Besnard Pierre
Abonné·e de Mediapart

14 Billets

0 Édition

Billet de blog 5 mai 2021

Besnard Pierre
Abonné·e de Mediapart

Mythologie impériale et nostalgie putschiste

Des représentations de grandeur civilisationnelle aux cautionnements de coups d’Etat militaires, les cadres dirigeants de la Vème République jouent avec la démocratie un jeu dangereux.

Besnard Pierre
Abonné·e de Mediapart

Ce blog est personnel, la rédaction n’est pas à l’origine de ses contenus.

Guerre & Histoire est un bimensuel de vulgarisation historique consacré à la chose militaire.
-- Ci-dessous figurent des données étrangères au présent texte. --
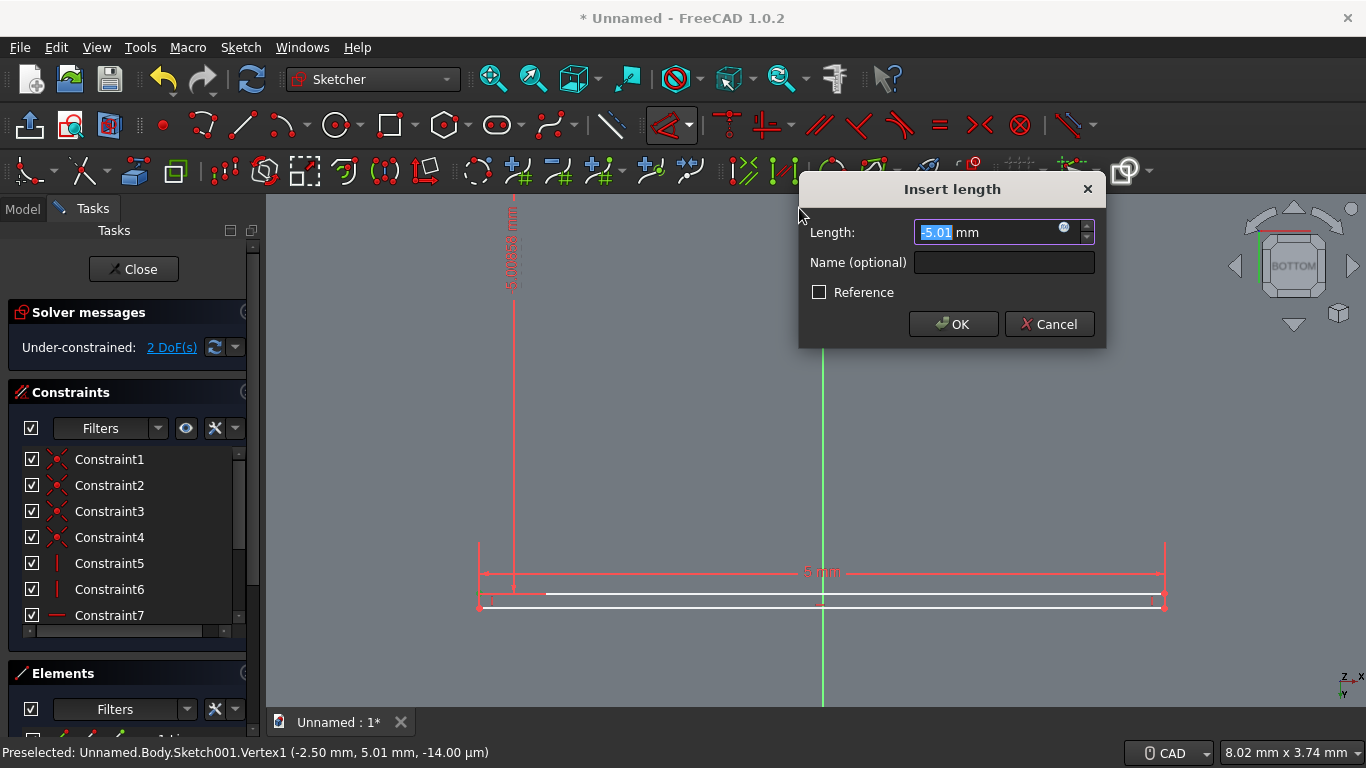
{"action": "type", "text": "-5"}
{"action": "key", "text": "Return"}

À l’occasion du 60ème numéro, le premier fût réimprimé en supplément. Son titre avait de quoi vous faire tiquer : « Napoléon était-il un génie militaire ? »
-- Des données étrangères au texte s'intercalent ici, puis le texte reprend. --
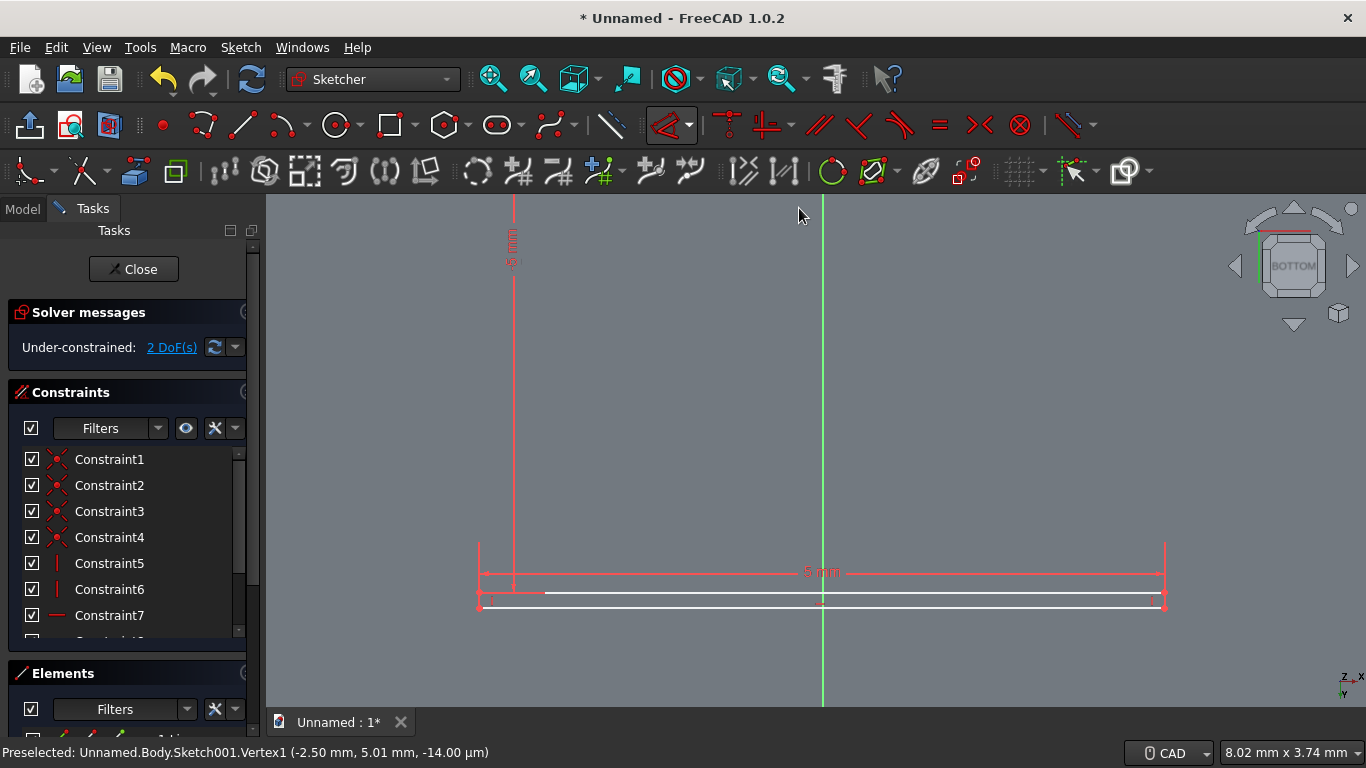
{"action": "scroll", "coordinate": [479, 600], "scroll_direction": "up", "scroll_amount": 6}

Toute personne biberonnée à l’épopée impériale, dont je fus, écartera cette question comme la divagation d’historiens en mal de débat. Car quoi ? Le héros romantique du XIXème siècle, la figure tutélaire trônant au-dessus de tous les stratèges sur tous les continents, de Lee à Giap, de Clausewitz à Toukhatchevski, de Rommel à Dayan, sans doute la personnalité historique française la plus connue au monde. Comment pourrait-on remettre en cause la « réincarnation de Mars » ?
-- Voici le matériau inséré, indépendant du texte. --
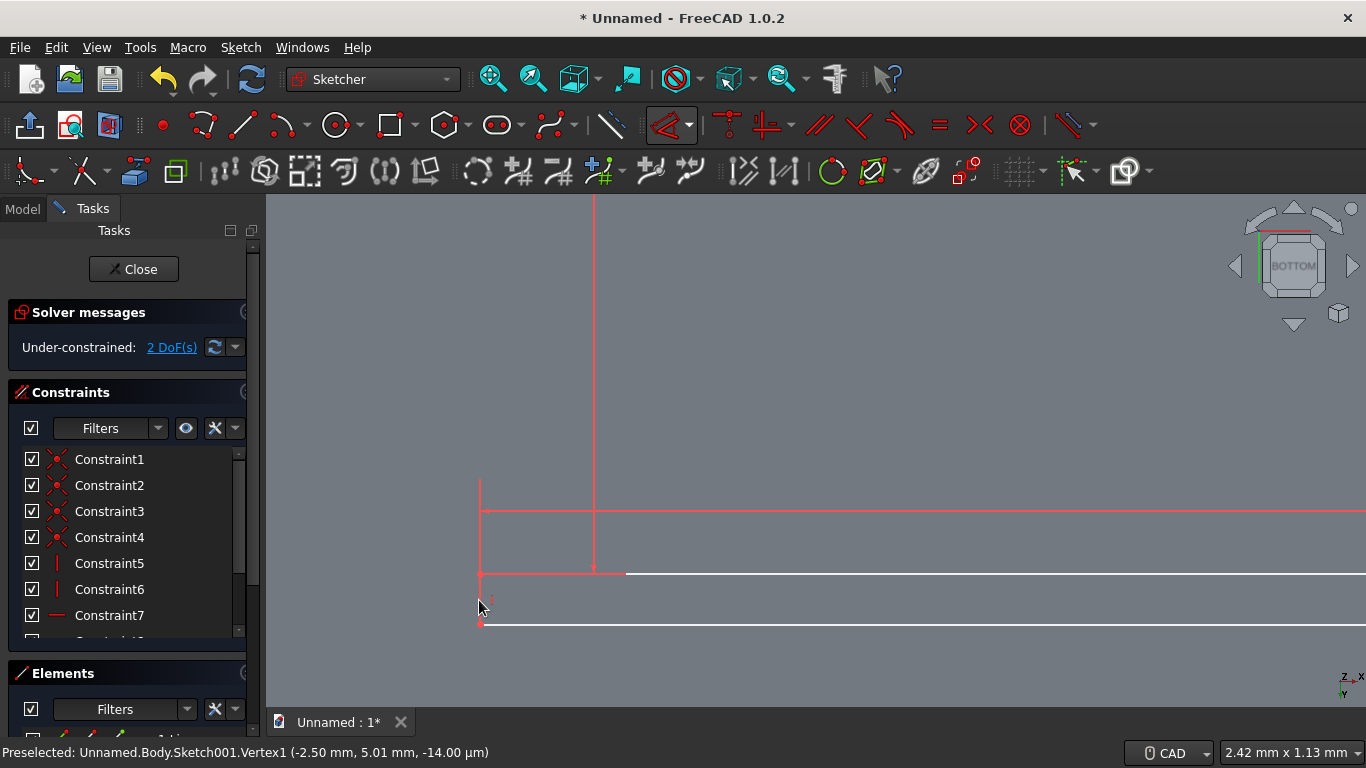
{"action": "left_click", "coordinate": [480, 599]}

Puis la fièvre patriotique retombant, les arguments historiques commencèrent à porter. Napoléon fut l’héritier d’un appareil militaire remarquable, forgé dans les feux de la Révolution. Il baigna dans un environnement intellectuel en plein bouillonnement et évita, par chance et opportunisme, les purges politiques « guillotinantes ».

Il révéla par la suite une capacité tactique à remporter les batailles proprement exceptionnelle. Il fut un propagandiste génial, modernisa l’Etat de fond en comble et souffrit d’une cécité stratégique et d’une mégalomanie aux conséquences tragiques pour sa nation, sans oublier les autres peuples d’Europe.

Ainsi après trente ans de guerre quasi-ininterrompue (1792-1815) la France émergeait plus faible, plus isolée, plus dépeuplée, à nouveau royaliste et inégalitaire. Comment un tel bilan avait-il pu m’échapper ? A quoi était dû cet aveuglement ? A l’empereur auteur de sa propre légende ? Au XIXème nationaliste et romantique ? A Hugo ? Chateaubriand ? Ou peut-être Lamartine ?

Deux cents ans après sa mort, Napoléon fait toujours l’objet d’un engouement phénoménal, allant parfois jusqu’au culte, comme l’illustre la somme d’ouvrages qui lui est consacrée chaque année. Parmi ses livres on trouve des recueils scientifiques remarquables et des hagiographies passionnées. Cela engendre une confusion entre l’Histoire, science sociale, et la célébration romancée, pratique collective. Expliquer, contextualiser, vulgariser est affaire de scientifiques, commémorer est un acte de passionné ou une décision politique.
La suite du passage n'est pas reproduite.